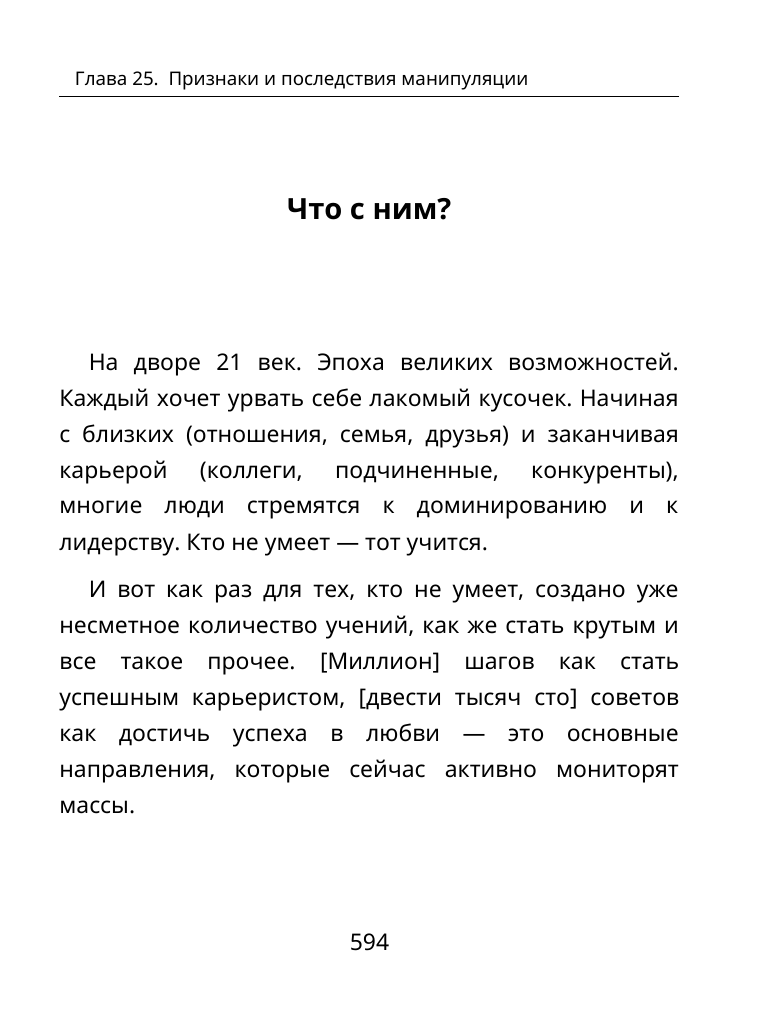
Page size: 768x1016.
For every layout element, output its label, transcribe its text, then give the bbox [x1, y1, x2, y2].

subtitle Что с ним? [59, 185, 679, 228]
text И вот как раз для тех, кто не умеет, создано уже несметное количество учений, как же стать крутым и все такое прочее. [Миллион] шагов как стать успешным карьеристом, [двести тысяч сто] советов как достичь успеха в любви — это основные направления, которые сейчас активно мониторят массы. [59, 573, 679, 820]
text На дворе 21 век. Эпоха великих возможностей. Каждый хочет урвать себе лакомый кусочек. Начиная с близких (отношения, семья, друзья) и заканчивая карьерой (коллеги, подчиненные, конкуренты), многие люди стремятся к доминированию и к лидерству. Кто не умеет — тот учится. [59, 346, 679, 557]
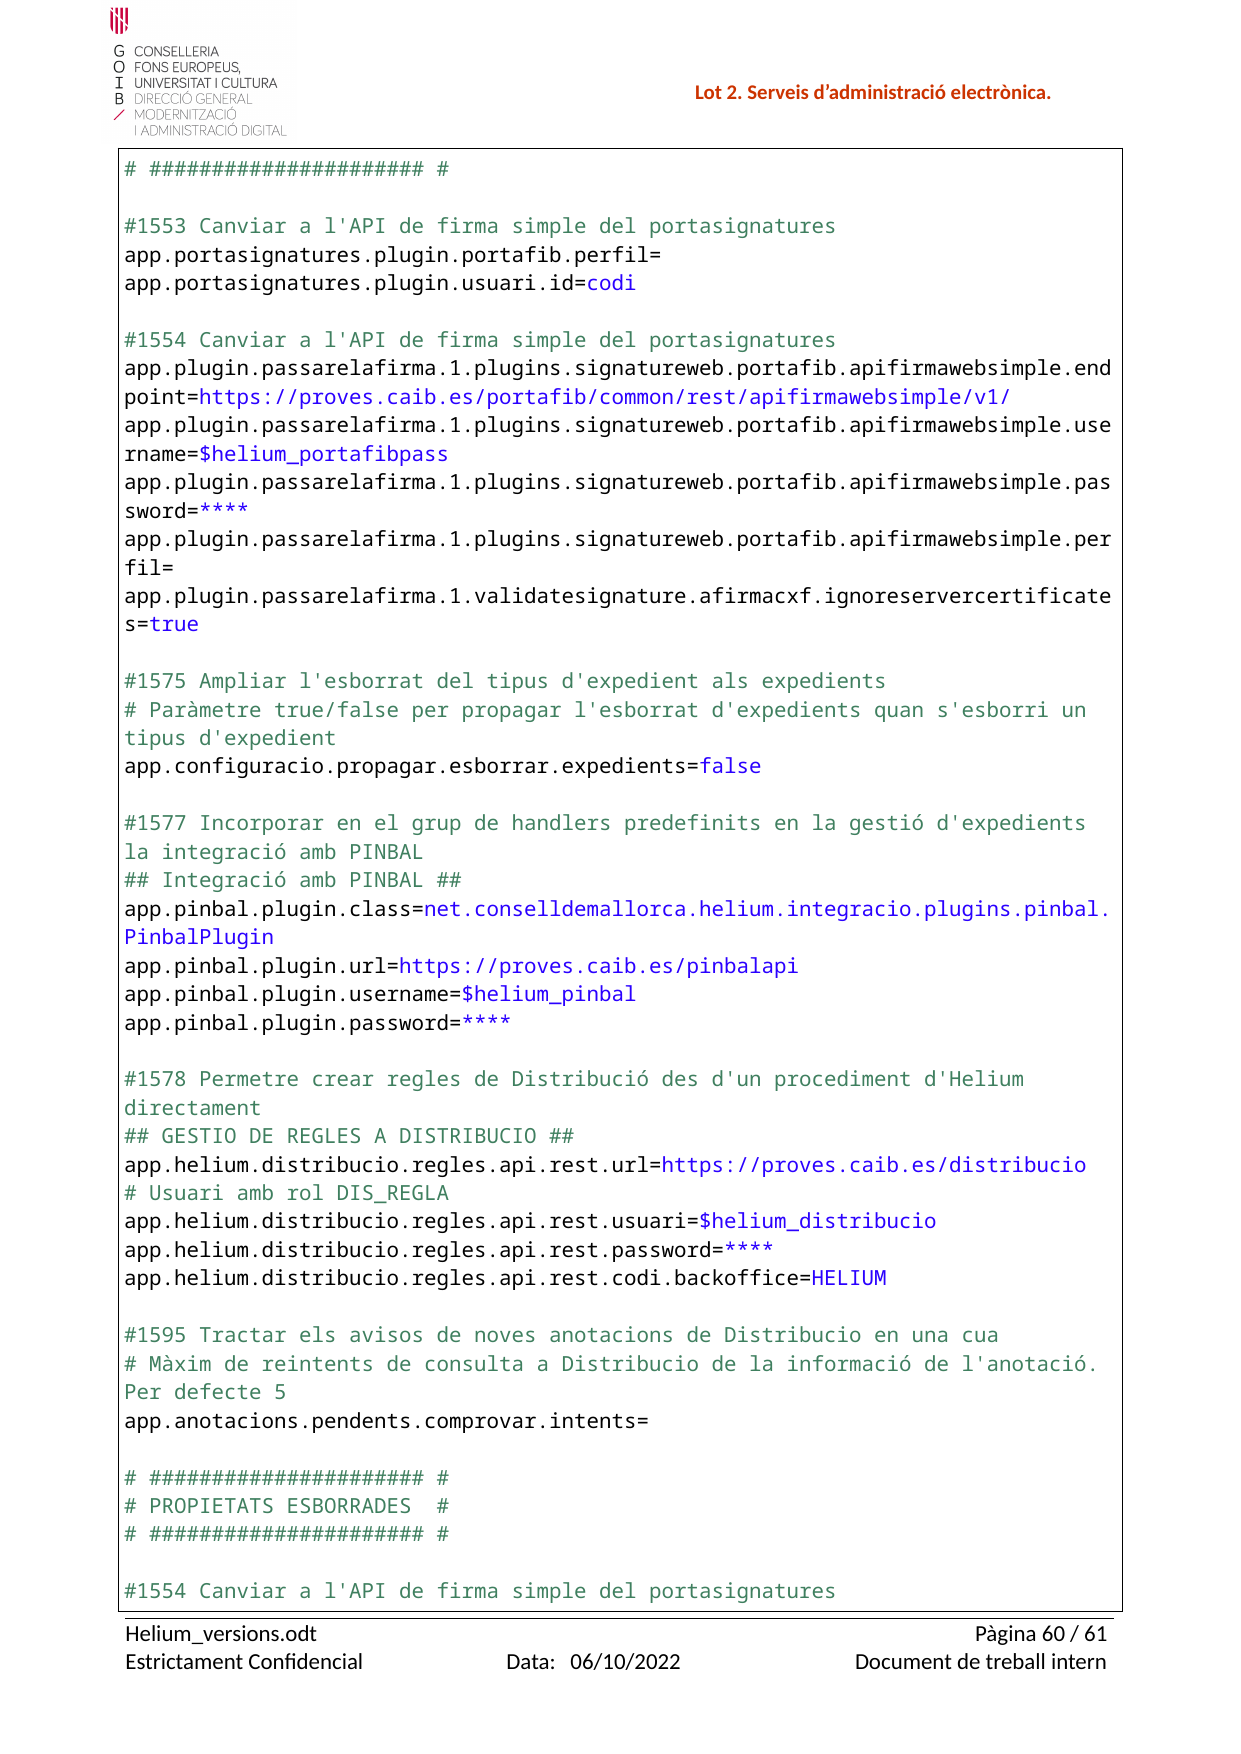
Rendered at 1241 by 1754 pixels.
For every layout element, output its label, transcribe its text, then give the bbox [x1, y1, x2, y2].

Work task: Each entry should appear again exactly as written, pictures excluded.

Exercise output:
Page size: 768x1016.
For every layout element, output its label, transcribe its text, then give the bbox [x1, y1, x2, y2].

subtitle Что с ним? [59, 185, 679, 228]
text И вот как раз для тех, кто не умеет, создано уже несметное количество учений, как же стать крутым и все такое прочее. [Миллион] шагов как стать успешным карьеристом, [двести тысяч сто] советов как достичь успеха в любви — это основные направления, которые сейчас активно мониторят массы. [59, 573, 679, 820]
text На дворе 21 век. Эпоха великих возможностей. Каждый хочет урвать себе лакомый кусочек. Начиная с близких (отношения, семья, друзья) и заканчивая карьерой (коллеги, подчиненные, конкуренты), многие люди стремятся к доминированию и к лидерству. Кто не умеет — тот учится. [59, 346, 679, 557]
Rendered at 1241 by 1754 pixels.
For every layout element, output its label, transcribe its text, then give the bbox [x1, y1, x2, y2].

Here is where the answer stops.